I like to lightly flour, salt, and pepper the pieces and then brown them gently in some olive oil down in a 4 or 6 quart Dutch oven. I don't use much olive oil, just enough to keep everything from scorching. I'd say about 3 tablespoons, at the most. Keep the heat at medium.

As you get the pieces browned, take them out and set aside.

Now, the sauce. This is much like the spaghetti sauce I make all the time. First, a carrot, peeled and chunked. Then, a stalk or two of celery, trimmed and chunked. I whiz these up in the food processor and set aside. I peel a couple, three cloves of garlic, depending on how much of that flavor I want.
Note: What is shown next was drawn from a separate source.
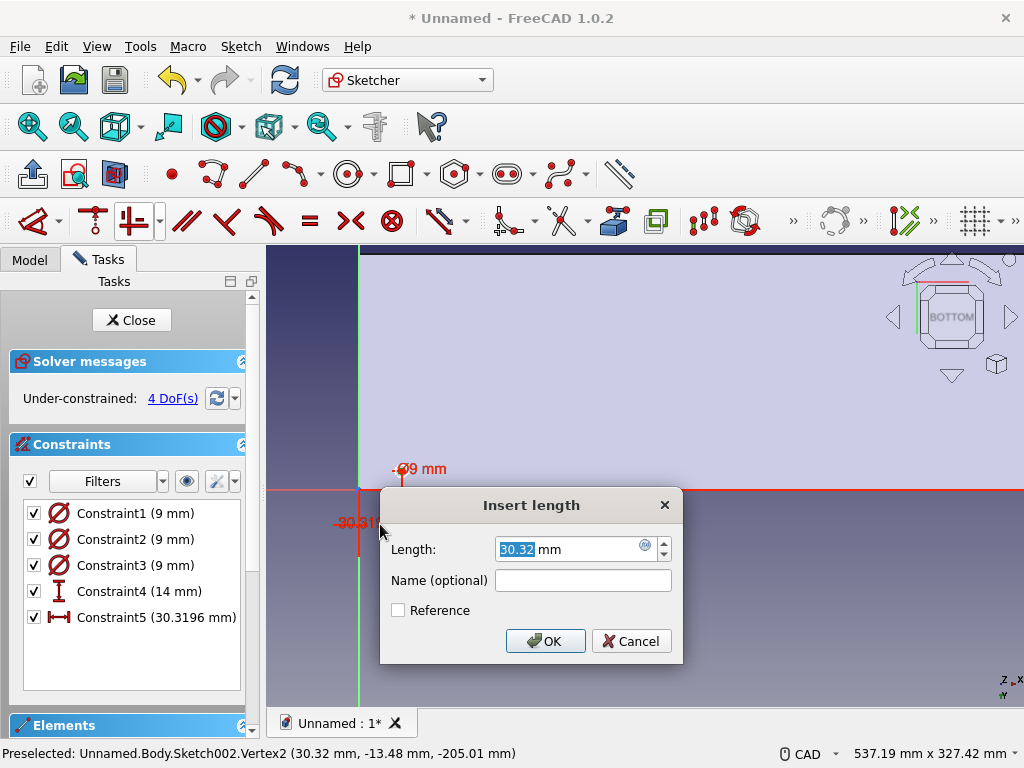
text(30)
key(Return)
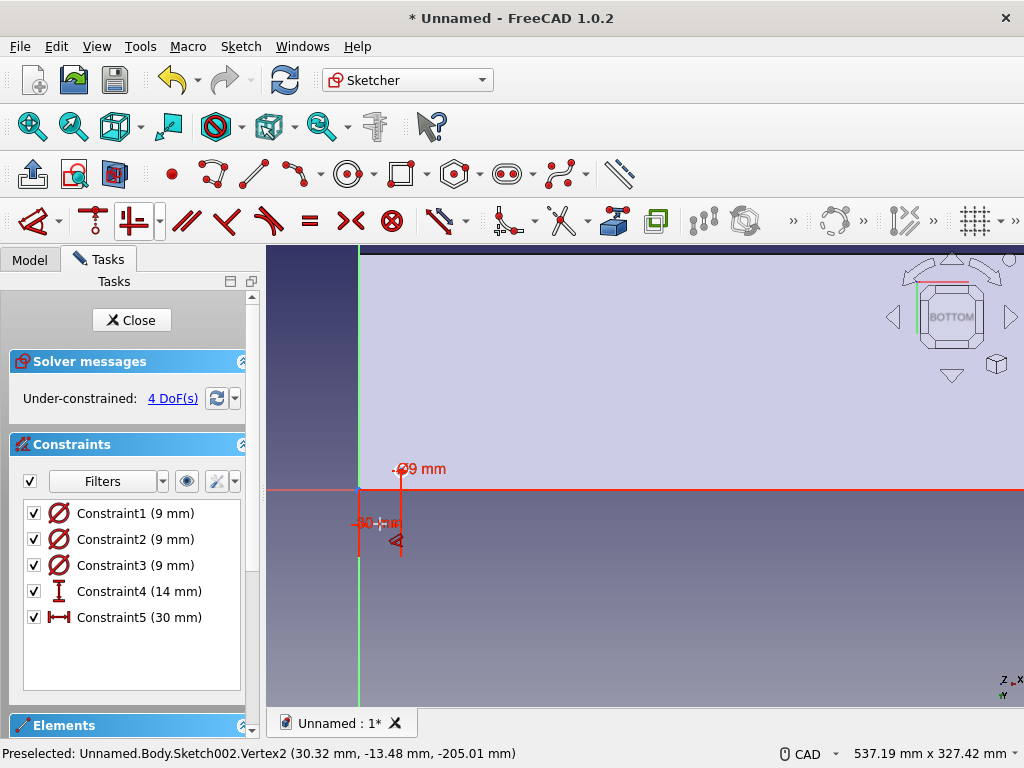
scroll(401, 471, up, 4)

Sometimes, I use some finely diced green pepper if I have it.

I start by tossing the garlic and processed vegetables in the oil and chicken fat that's in the Dutch oven now. There's not more than maybe three tablespoons of fat at that point. I just stir that around until things are a little softer and blended up. Then, season with salt and pepper (to taste), some dried basil and oregano (probably a tablespoon or so of each, to taste), and stir around. I then put in a 6 oz can of tomato paste and stir all that around in the vegetables and oil. Finally, a can of diced tomatoes (optional, really - all water is fine), and about a liter of water to let everything simmer. I usually also add about 1/4 cup of sugar (at the most, depending on the tartness of the tomato products). Stir that to blend everything, then I put in my reserved chicken.

I bring it all to a boil, then turn down to fairly low to simmer. At that point, the chicken needs about 45 minutes, but can use as long as an hour and a quarter to get tender and good.

Tonight, the sauce seemed thin to me. So I removed the chicken and boiled the sauce down hard to where I wanted it.

Boil up some pasta (we use angelhair) and put the chicken and sauce over the top, and you're done.

Serve with a vege, bread, and fresh grated Parm or Romano.